*** DATA EXTRACT

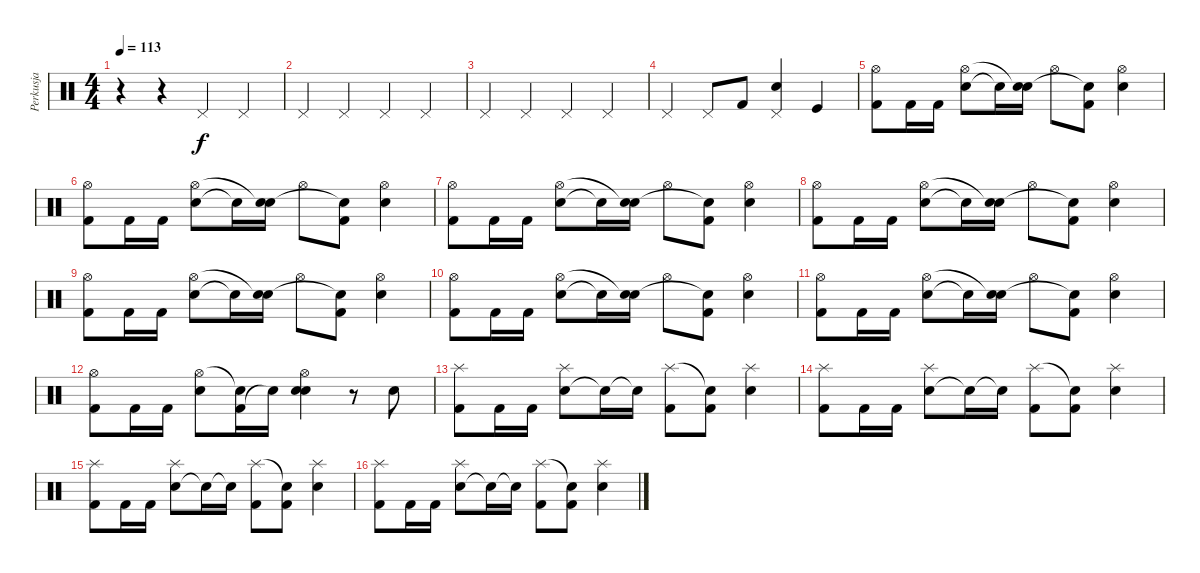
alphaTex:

\track ("Perkusja" "Perkusja") {instrument percussion}
\staff {score}
\articulation defaults
\ts (4 4)
\tempo 113
\clef neutral
\ks c
r.4{dy f} r.4 "Pedal Hi-Hat (hit)".4 "Pedal Hi-Hat (hit)".4 |
"Pedal Hi-Hat (hit)".4 "Pedal Hi-Hat (hit)".4 "Pedal Hi-Hat (hit)".4 "Pedal Hi-Hat (hit)".4 |
"Pedal Hi-Hat (hit)".4 "Pedal Hi-Hat (hit)".4 "Pedal Hi-Hat (hit)".4 "Pedal Hi-Hat (hit)".4 |
"Pedal Hi-Hat (hit)".4 "Pedal Hi-Hat (hit)".8 "Kick (hit) 2".8 ("Electric Snare (hit)" "Pedal Hi-Hat (hit)").4 "Kick (hit)".4 |
("Kick (hit) 2" "Hi-Hat (open)").8 "Kick (hit) 2".16 "Kick (hit) 2".16 ("Snare (hit) 2" "Hi-Hat (open)").8 "Snare (hit)"{t}.16 ("Snare (hit) 2" "Snare (hit)"{t}).16 "Hi-Hat (open)".8 ("Kick (hit) 2" "Snare (hit)"{t}).8 ("Snare (hit) 2" "Hi-Hat (open)").4 |
("Kick (hit) 2" "Hi-Hat (open)").8 "Kick (hit) 2".16 "Kick (hit) 2".16 ("Snare (hit) 2" "Hi-Hat (open)").8 "Snare (hit)"{t}.16 ("Snare (hit) 2" "Snare (hit)"{t}).16 "Hi-Hat (open)".8 ("Kick (hit) 2" "Snare (hit)"{t}).8 ("Snare (hit) 2" "Hi-Hat (open)").4 |
("Kick (hit) 2" "Hi-Hat (open)").8 "Kick (hit) 2".16 "Kick (hit) 2".16 ("Snare (hit) 2" "Hi-Hat (open)").8 "Snare (hit)"{t}.16 ("Snare (hit) 2" "Snare (hit)"{t}).16 "Hi-Hat (open)".8 ("Kick (hit) 2" "Snare (hit)"{t}).8 ("Snare (hit) 2" "Hi-Hat (open)").4 |
("Kick (hit) 2" "Hi-Hat (open)").8 "Kick (hit) 2".16 "Kick (hit) 2".16 ("Snare (hit) 2" "Hi-Hat (open)").8 "Snare (hit)"{t}.16 ("Snare (hit) 2" "Snare (hit)"{t}).16 "Hi-Hat (open)".8 ("Kick (hit) 2" "Snare (hit)"{t}).8 ("Snare (hit) 2" "Hi-Hat (open)").4 |
("Kick (hit) 2" "Hi-Hat (open)").8 "Kick (hit) 2".16 "Kick (hit) 2".16 ("Snare (hit) 2" "Hi-Hat (open)").8 "Snare (hit)"{t}.16 ("Snare (hit) 2" "Snare (hit)"{t}).16 "Hi-Hat (open)".8 ("Kick (hit) 2" "Snare (hit)"{t}).8 ("Snare (hit) 2" "Hi-Hat (open)").4 |
("Kick (hit) 2" "Hi-Hat (open)").8 "Kick (hit) 2".16 "Kick (hit) 2".16 ("Snare (hit) 2" "Hi-Hat (open)").8 "Snare (hit)"{t}.16 ("Snare (hit) 2" "Snare (hit)"{t}).16 "Hi-Hat (open)".8 ("Kick (hit) 2" "Snare (hit)"{t}).8 ("Snare (hit) 2" "Hi-Hat (open)").4 |
("Kick (hit) 2" "Hi-Hat (open)").8 "Kick (hit) 2".16 "Kick (hit) 2".16 ("Snare (hit) 2" "Hi-Hat (open)").8 "Snare (hit)"{t}.16 ("Snare (hit) 2" "Snare (hit)"{t}).16 "Hi-Hat (open)".8 ("Kick (hit) 2" "Snare (hit)"{t}).8 ("Snare (hit) 2" "Hi-Hat (open)").4 |
("Kick (hit) 2" "Hi-Hat (open)").8 "Kick (hit) 2".16 "Kick (hit) 2".16 ("Snare (hit) 2" "Hi-Hat (open)").8 ("Kick (hit) 2" "Snare (hit)"{t}).16 "Snare (hit)"{t}.16 ("Snare (hit) 2" "Electric Snare (hit)" "Hi-Hat (open)").4 r.8 "Snare (hit) 2".8 |
("Kick (hit) 2" "Splash (hit)").8 "Kick (hit) 2".16 "Kick (hit) 2".16 ("Snare (hit) 2" "Splash (hit)").8 "Snare (hit)"{t}.16 "Snare (hit)"{t}.16 ("Kick (hit) 2" "Splash (hit)").8 ("Kick (hit) 2" "Snare (hit)"{t}).8 ("Snare (hit) 2" "Splash (hit)").4 |
("Kick (hit) 2" "Splash (hit)").8 "Kick (hit) 2".16 "Kick (hit) 2".16 ("Snare (hit) 2" "Splash (hit)").8 "Snare (hit)"{t}.16 "Snare (hit)"{t}.16 ("Kick (hit) 2" "Splash (hit)").8 ("Kick (hit) 2" "Snare (hit)"{t}).8 ("Snare (hit) 2" "Splash (hit)").4 |
("Kick (hit) 2" "Splash (hit)").8 "Kick (hit) 2".16 "Kick (hit) 2".16 ("Snare (hit) 2" "Splash (hit)").8 "Snare (hit)"{t}.16 "Snare (hit)"{t}.16 ("Kick (hit) 2" "Splash (hit)").8 ("Kick (hit) 2" "Snare (hit)"{t}).8 ("Snare (hit) 2" "Splash (hit)").4 |
("Kick (hit) 2" "Splash (hit)").8 "Kick (hit) 2".16 "Kick (hit) 2".16 ("Snare (hit) 2" "Splash (hit)").8 "Snare (hit)"{t}.16 "Snare (hit)"{t}.16 ("Kick (hit) 2" "Splash (hit)").8 ("Kick (hit) 2" "Snare (hit)"{t}).8 ("Snare (hit) 2" "Splash (hit)").4

******

Give the listing again in full, exactly as it is, but without its images.

alphaTex:

\track ("Perkusja" "Perkusja") {instrument percussion}
\staff {score}
\articulation defaults
\ts (4 4)
\tempo 113
\clef neutral
\ks c
r.4{dy f} r.4 "Pedal Hi-Hat (hit)".4 "Pedal Hi-Hat (hit)".4 |
"Pedal Hi-Hat (hit)".4 "Pedal Hi-Hat (hit)".4 "Pedal Hi-Hat (hit)".4 "Pedal Hi-Hat (hit)".4 |
"Pedal Hi-Hat (hit)".4 "Pedal Hi-Hat (hit)".4 "Pedal Hi-Hat (hit)".4 "Pedal Hi-Hat (hit)".4 |
"Pedal Hi-Hat (hit)".4 "Pedal Hi-Hat (hit)".8 "Kick (hit) 2".8 ("Electric Snare (hit)" "Pedal Hi-Hat (hit)").4 "Kick (hit)".4 |
("Kick (hit) 2" "Hi-Hat (open)").8 "Kick (hit) 2".16 "Kick (hit) 2".16 ("Snare (hit) 2" "Hi-Hat (open)").8 "Snare (hit)"{t}.16 ("Snare (hit) 2" "Snare (hit)"{t}).16 "Hi-Hat (open)".8 ("Kick (hit) 2" "Snare (hit)"{t}).8 ("Snare (hit) 2" "Hi-Hat (open)").4 |
("Kick (hit) 2" "Hi-Hat (open)").8 "Kick (hit) 2".16 "Kick (hit) 2".16 ("Snare (hit) 2" "Hi-Hat (open)").8 "Snare (hit)"{t}.16 ("Snare (hit) 2" "Snare (hit)"{t}).16 "Hi-Hat (open)".8 ("Kick (hit) 2" "Snare (hit)"{t}).8 ("Snare (hit) 2" "Hi-Hat (open)").4 |
("Kick (hit) 2" "Hi-Hat (open)").8 "Kick (hit) 2".16 "Kick (hit) 2".16 ("Snare (hit) 2" "Hi-Hat (open)").8 "Snare (hit)"{t}.16 ("Snare (hit) 2" "Snare (hit)"{t}).16 "Hi-Hat (open)".8 ("Kick (hit) 2" "Snare (hit)"{t}).8 ("Snare (hit) 2" "Hi-Hat (open)").4 |
("Kick (hit) 2" "Hi-Hat (open)").8 "Kick (hit) 2".16 "Kick (hit) 2".16 ("Snare (hit) 2" "Hi-Hat (open)").8 "Snare (hit)"{t}.16 ("Snare (hit) 2" "Snare (hit)"{t}).16 "Hi-Hat (open)".8 ("Kick (hit) 2" "Snare (hit)"{t}).8 ("Snare (hit) 2" "Hi-Hat (open)").4 |
("Kick (hit) 2" "Hi-Hat (open)").8 "Kick (hit) 2".16 "Kick (hit) 2".16 ("Snare (hit) 2" "Hi-Hat (open)").8 "Snare (hit)"{t}.16 ("Snare (hit) 2" "Snare (hit)"{t}).16 "Hi-Hat (open)".8 ("Kick (hit) 2" "Snare (hit)"{t}).8 ("Snare (hit) 2" "Hi-Hat (open)").4 |
("Kick (hit) 2" "Hi-Hat (open)").8 "Kick (hit) 2".16 "Kick (hit) 2".16 ("Snare (hit) 2" "Hi-Hat (open)").8 "Snare (hit)"{t}.16 ("Snare (hit) 2" "Snare (hit)"{t}).16 "Hi-Hat (open)".8 ("Kick (hit) 2" "Snare (hit)"{t}).8 ("Snare (hit) 2" "Hi-Hat (open)").4 |
("Kick (hit) 2" "Hi-Hat (open)").8 "Kick (hit) 2".16 "Kick (hit) 2".16 ("Snare (hit) 2" "Hi-Hat (open)").8 "Snare (hit)"{t}.16 ("Snare (hit) 2" "Snare (hit)"{t}).16 "Hi-Hat (open)".8 ("Kick (hit) 2" "Snare (hit)"{t}).8 ("Snare (hit) 2" "Hi-Hat (open)").4 |
("Kick (hit) 2" "Hi-Hat (open)").8 "Kick (hit) 2".16 "Kick (hit) 2".16 ("Snare (hit) 2" "Hi-Hat (open)").8 ("Kick (hit) 2" "Snare (hit)"{t}).16 "Snare (hit)"{t}.16 ("Snare (hit) 2" "Electric Snare (hit)" "Hi-Hat (open)").4 r.8 "Snare (hit) 2".8 |
("Kick (hit) 2" "Splash (hit)").8 "Kick (hit) 2".16 "Kick (hit) 2".16 ("Snare (hit) 2" "Splash (hit)").8 "Snare (hit)"{t}.16 "Snare (hit)"{t}.16 ("Kick (hit) 2" "Splash (hit)").8 ("Kick (hit) 2" "Snare (hit)"{t}).8 ("Snare (hit) 2" "Splash (hit)").4 |
("Kick (hit) 2" "Splash (hit)").8 "Kick (hit) 2".16 "Kick (hit) 2".16 ("Snare (hit) 2" "Splash (hit)").8 "Snare (hit)"{t}.16 "Snare (hit)"{t}.16 ("Kick (hit) 2" "Splash (hit)").8 ("Kick (hit) 2" "Snare (hit)"{t}).8 ("Snare (hit) 2" "Splash (hit)").4 |
("Kick (hit) 2" "Splash (hit)").8 "Kick (hit) 2".16 "Kick (hit) 2".16 ("Snare (hit) 2" "Splash (hit)").8 "Snare (hit)"{t}.16 "Snare (hit)"{t}.16 ("Kick (hit) 2" "Splash (hit)").8 ("Kick (hit) 2" "Snare (hit)"{t}).8 ("Snare (hit) 2" "Splash (hit)").4 |
("Kick (hit) 2" "Splash (hit)").8 "Kick (hit) 2".16 "Kick (hit) 2".16 ("Snare (hit) 2" "Splash (hit)").8 "Snare (hit)"{t}.16 "Snare (hit)"{t}.16 ("Kick (hit) 2" "Splash (hit)").8 ("Kick (hit) 2" "Snare (hit)"{t}).8 ("Snare (hit) 2" "Splash (hit)").4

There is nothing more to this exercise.